• _Stored entries_:
----------------------------------------

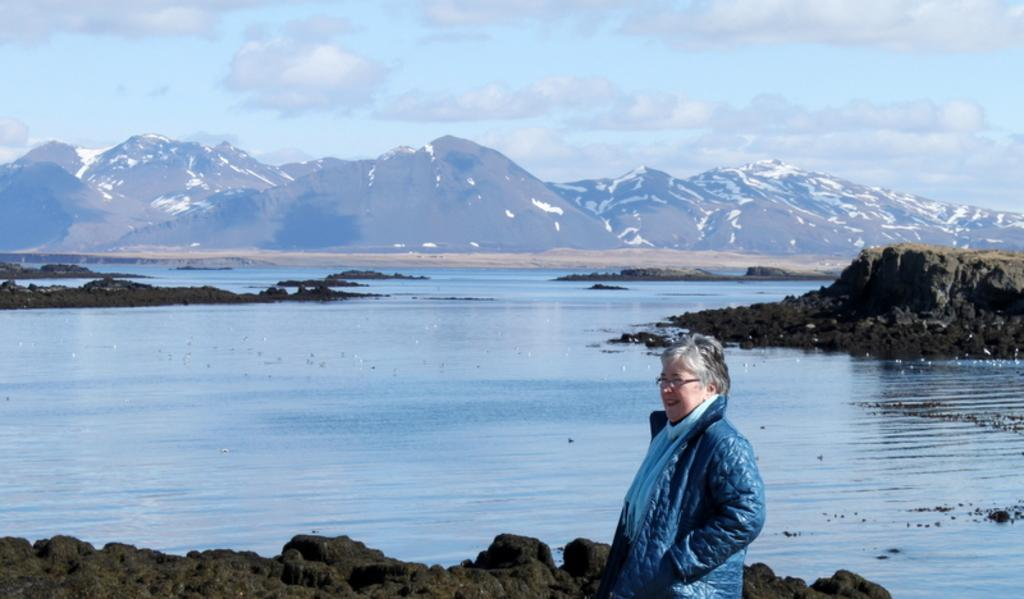Who is present in the image? There is a woman in the image. What is the woman doing in the image? The woman is standing. What is the woman wearing in the image? The woman is wearing a jacket and spectacles. What can be seen in the background of the image? There are mountains, water, and the sky visible in the background of the image. What type of jar is the woman holding in the image? There is no jar present in the image; the woman is not holding anything. What book is the woman reading in the image? There is no book or reading activity depicted in the image. 
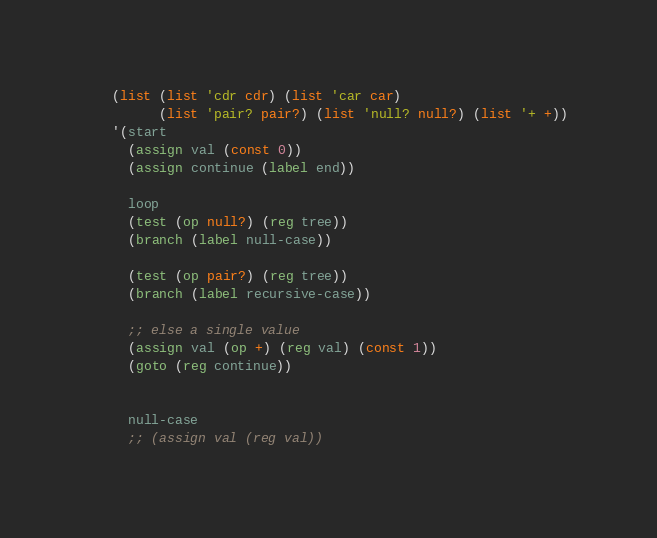Convert code to text. <code><loc_0><loc_0><loc_500><loc_500><_Scheme_>   (list (list 'cdr cdr) (list 'car car)
         (list 'pair? pair?) (list 'null? null?) (list '+ +))
   '(start
     (assign val (const 0))
     (assign continue (label end))

     loop
     (test (op null?) (reg tree))
     (branch (label null-case))

     (test (op pair?) (reg tree))
     (branch (label recursive-case))

     ;; else a single value
     (assign val (op +) (reg val) (const 1))
     (goto (reg continue))


     null-case
     ;; (assign val (reg val))</code> 
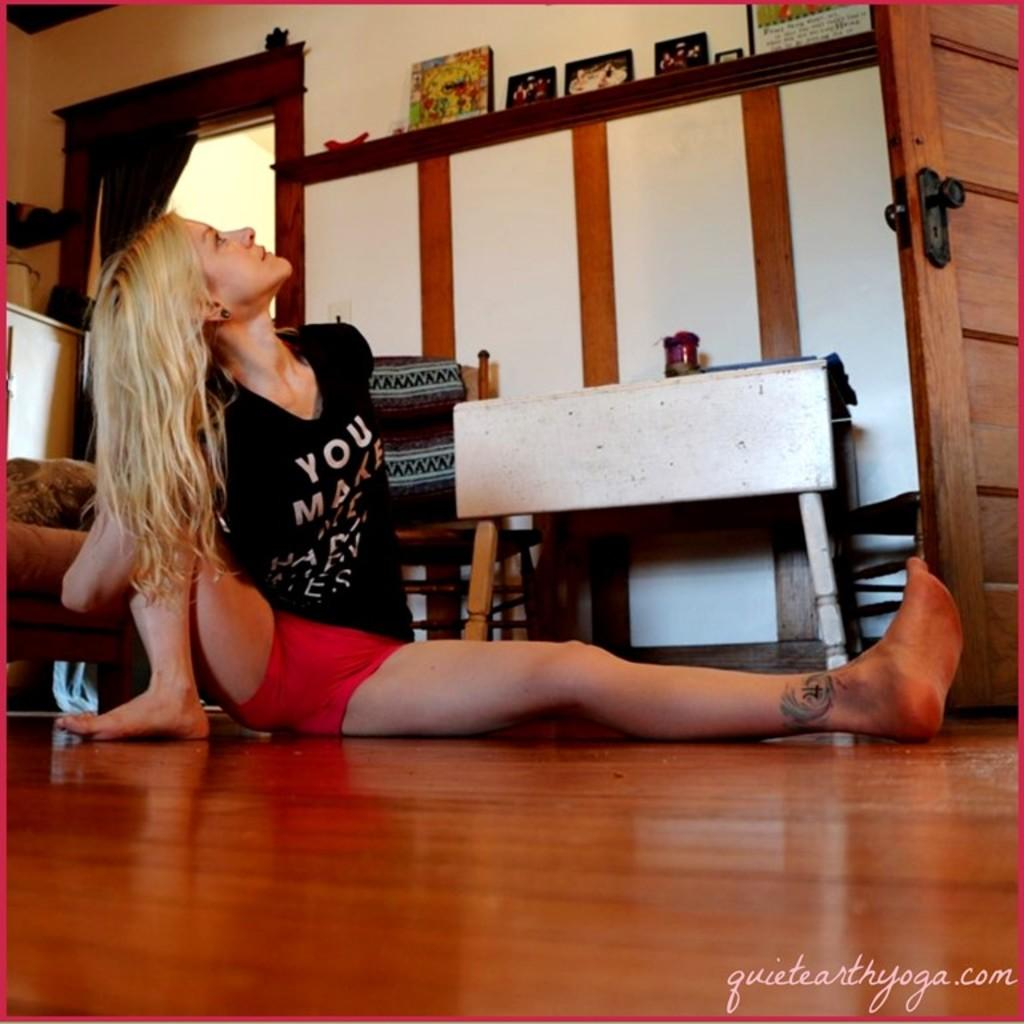What is the woman in the image doing? The woman is sitting on the floor. What is the woman wearing in the image? The woman is wearing a black t-shirt. What can be seen in the background of the image? There is a wall in the background of the image, and there are photo frames on a desk. What color is the crayon the woman is using to draw in the image? There is no crayon or drawing activity present in the image.

----------------------------------------

• _What you will do_: Could the entries above be returned verbatim, with no pictures included?

• _Exercise answer_:
Who is present in the image? There is a woman in the image. What is the woman doing in the image? The woman is standing. What is the woman wearing in the image? The woman is wearing a jacket and spectacles. What can be seen in the background of the image? There are mountains, water, and the sky visible in the background of the image. What type of jar is the woman holding in the image? There is no jar present in the image; the woman is not holding anything. What book is the woman reading in the image? There is no book or reading activity depicted in the image. 
Convert code to text. <code><loc_0><loc_0><loc_500><loc_500><_Scheme_>   (list (list 'cdr cdr) (list 'car car)
         (list 'pair? pair?) (list 'null? null?) (list '+ +))
   '(start
     (assign val (const 0))
     (assign continue (label end))

     loop
     (test (op null?) (reg tree))
     (branch (label null-case))

     (test (op pair?) (reg tree))
     (branch (label recursive-case))

     ;; else a single value
     (assign val (op +) (reg val) (const 1))
     (goto (reg continue))


     null-case
     ;; (assign val (reg val))</code> 
What is the woman in the image doing? The woman is sitting on the floor. What is the woman wearing in the image? The woman is wearing a black t-shirt. What can be seen in the background of the image? There is a wall in the background of the image, and there are photo frames on a desk. What color is the crayon the woman is using to draw in the image? There is no crayon or drawing activity present in the image.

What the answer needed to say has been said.